I CAME across this article in the New York Times this past weekend about how the bank shot—especially during free throws—are popular in the Korean Basketball League (KBL).
Incredibly, those using that technique for free throws are hitting at a high 80 to 90 percent rate.
I have always loved the bank shot since I saw Julius Erving do that with the Philadelphia 76ers. I loved how even during lay-ups, Erving and even George Gervin flicked the ball off the board and used its spin to guide it into the net.
Then of course, some other bank shot artists were Scottie Pippen and Tim Duncan (he is considered one of the best at that technique in the Association).
When Erving and Gervin were going to that shot, it became the rage in basketball courts everywhere, and I too was afflicted. I practiced it at home or in school and became good at it.
On the playground, school intramurals, corporate leagues, Fil-Am Summer Leagues, I would always always use it. Up to the last time I played competitively in 2012, I ‘d use it.
Dunking the ball? Nah, I couldn’t do that. I could only touch the rim. That’s about it.
Look, I love the all-net shot. The swish feels good. You’re a deadeye.
The bank shot? I always felt there was a science, math, and art to it. And I didn’t care if people laughed at the bank shot.
Besides, in the Philippine Basketball Association, Dondon Ampalayo, Philip Cesar, Freddie Hubalde and Bogs Adornado would use the board as well. A good friend, Joey was known for his booming triples. But he liked to occasionally hit a bank shot—get this—from a hook shot. Shades of his dad, basketball great Caloy Loyzaga.
Whether using that box behind the ring or using angles to send the rock in, I got a kick out of it.
And it became a necessity.
Playing in some recreation leagues in the US, if I wanted to get a shot off against the taller Americans, I used the top of the backboard to bank or kiss the ball in. If they messed with it, it was goaltending. So, all the more I used the bank shot.
When I would score using that technique, I ran back rather coolly, but thinking of the Doctor and the Iceman.
When you use it for the first time, some in the crowd will go, “Wow.” Others will say, “Chamba!” That is until you do it again and again.
If people point to the geometry of the Princeton or Triangle Offense (well, a lot about basketball is geometry), isn’t it not the same with the bank?
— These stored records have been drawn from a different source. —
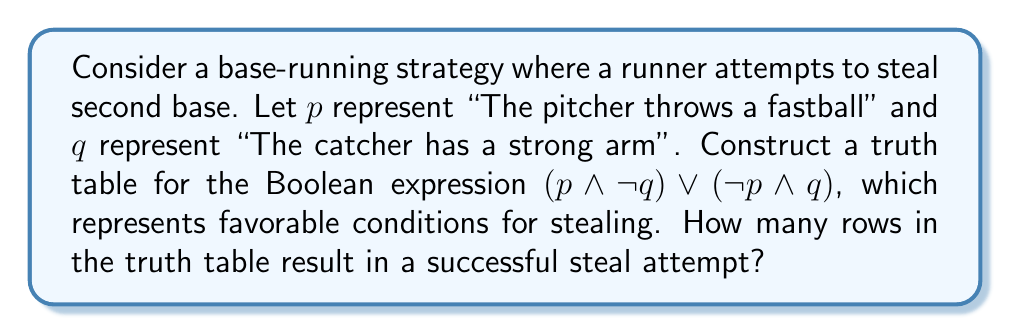Could you help me with this problem? Let's construct the truth table step-by-step:

1. First, we list all possible combinations of $p$ and $q$:

   $p$ | $q$
   ----+----
   0   | 0
   0   | 1
   1   | 0
   1   | 1

2. Now, let's evaluate $\neg q$:

   $p$ | $q$ | $\neg q$
   ----+-----+--------
   0   | 0   | 1
   0   | 1   | 0
   1   | 0   | 1
   1   | 1   | 0

3. Next, we evaluate $p \land \neg q$:

   $p$ | $q$ | $\neg q$ | $p \land \neg q$
   ----+-----+--------+--------------
   0   | 0   | 1      | 0
   0   | 1   | 0      | 0
   1   | 0   | 1      | 1
   1   | 1   | 0      | 0

4. Now, let's evaluate $\neg p$:

   $p$ | $q$ | $\neg q$ | $p \land \neg q$ | $\neg p$
   ----+-----+--------+--------------+--------
   0   | 0   | 1      | 0            | 1
   0   | 1   | 0      | 0            | 1
   1   | 0   | 1      | 1            | 0
   1   | 1   | 0      | 0            | 0

5. Next, we evaluate $\neg p \land q$:

   $p$ | $q$ | $\neg q$ | $p \land \neg q$ | $\neg p$ | $\neg p \land q$
   ----+-----+--------+--------------+--------+--------------
   0   | 0   | 1      | 0            | 1      | 0
   0   | 1   | 0      | 0            | 1      | 1
   1   | 0   | 1      | 1            | 0      | 0
   1   | 1   | 0      | 0            | 0      | 0

6. Finally, we evaluate $(p \land \neg q) \lor (\neg p \land q)$:

   $p$ | $q$ | $\neg q$ | $p \land \neg q$ | $\neg p$ | $\neg p \land q$ | $(p \land \neg q) \lor (\neg p \land q)$
   ----+-----+--------+--------------+--------+--------------+--------------------------------
   0   | 0   | 1      | 0            | 1      | 0            | 0
   0   | 1   | 0      | 0            | 1      | 1            | 1
   1   | 0   | 1      | 1            | 0      | 0            | 1
   1   | 1   | 0      | 0            | 0      | 0            | 0

Counting the number of 1's in the final column, we see that there are 2 rows where the expression is true, representing favorable conditions for stealing.
Answer: 2 
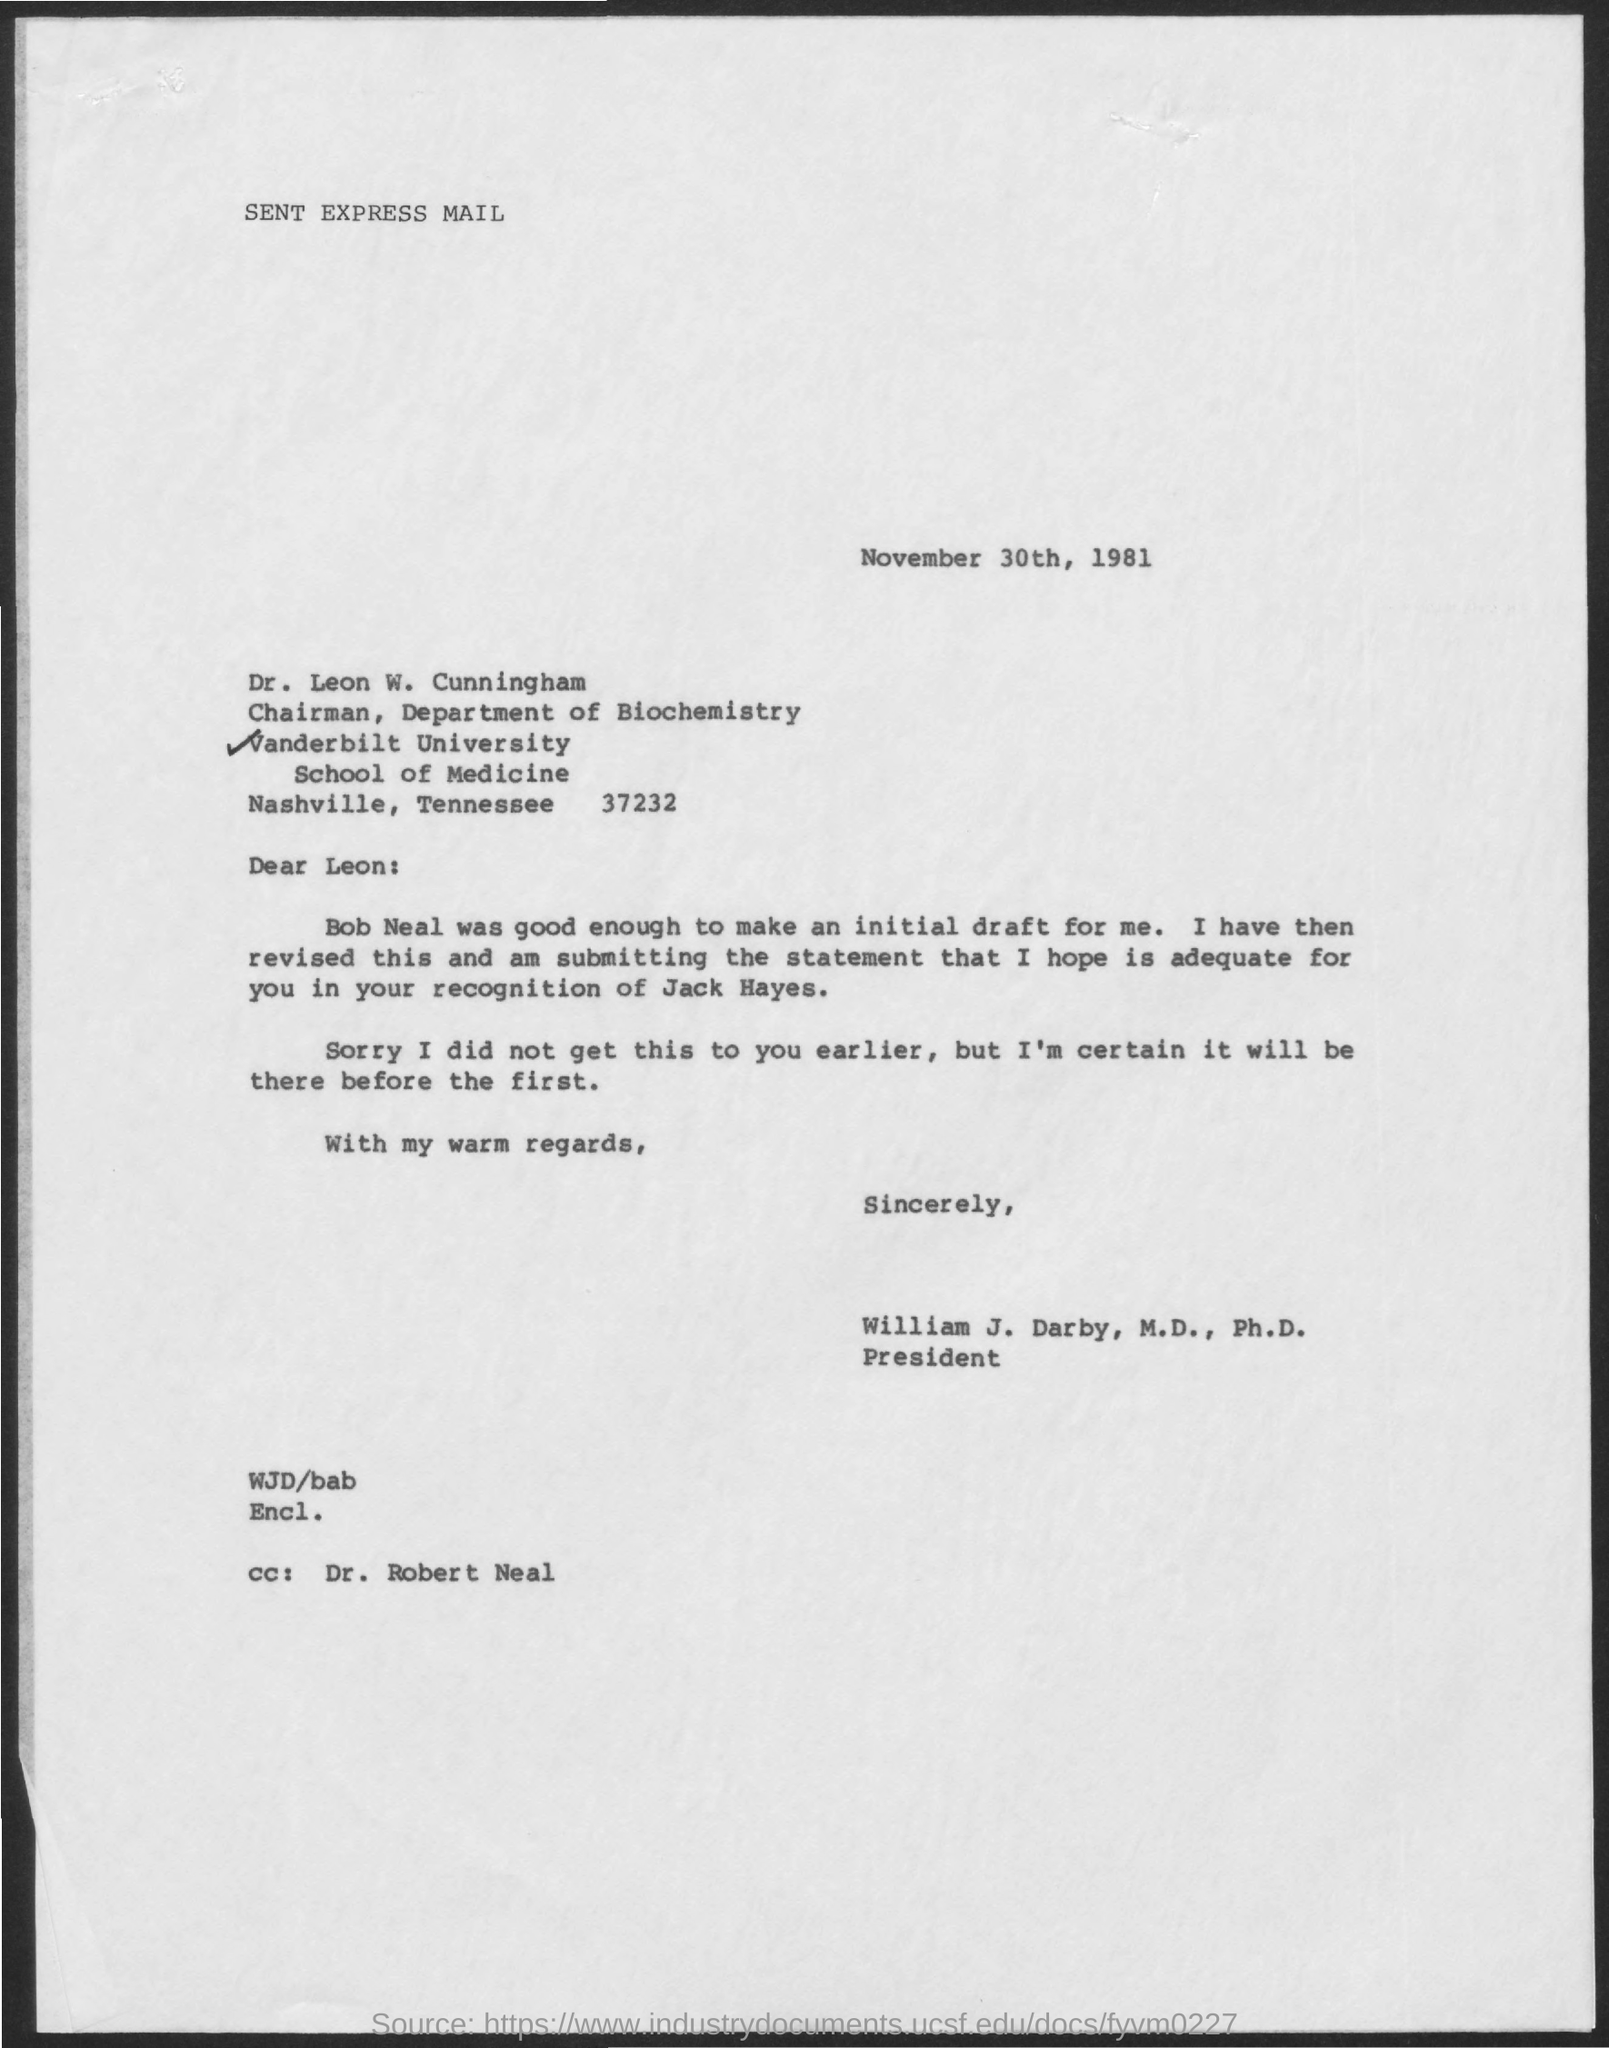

That’s geometry, too.
The angle of incidence is the angle between the path of the ball as it approaches the backboard, and the line perpendicular to the surface that is called the angle of reflection. That’s like a triangle. That is the basis for boarding.
There, of course, is a nerdier way of explaining it that includes right triangles. Suffice to say, there is a math to the bank shot.
So watching those Korean fans wait with baited breath for those banked free throws and shots and celebrating after the shot was made—that’s definitely cool. They keep this alive. And for ballers, the bank is open at all times. Even on Sundays.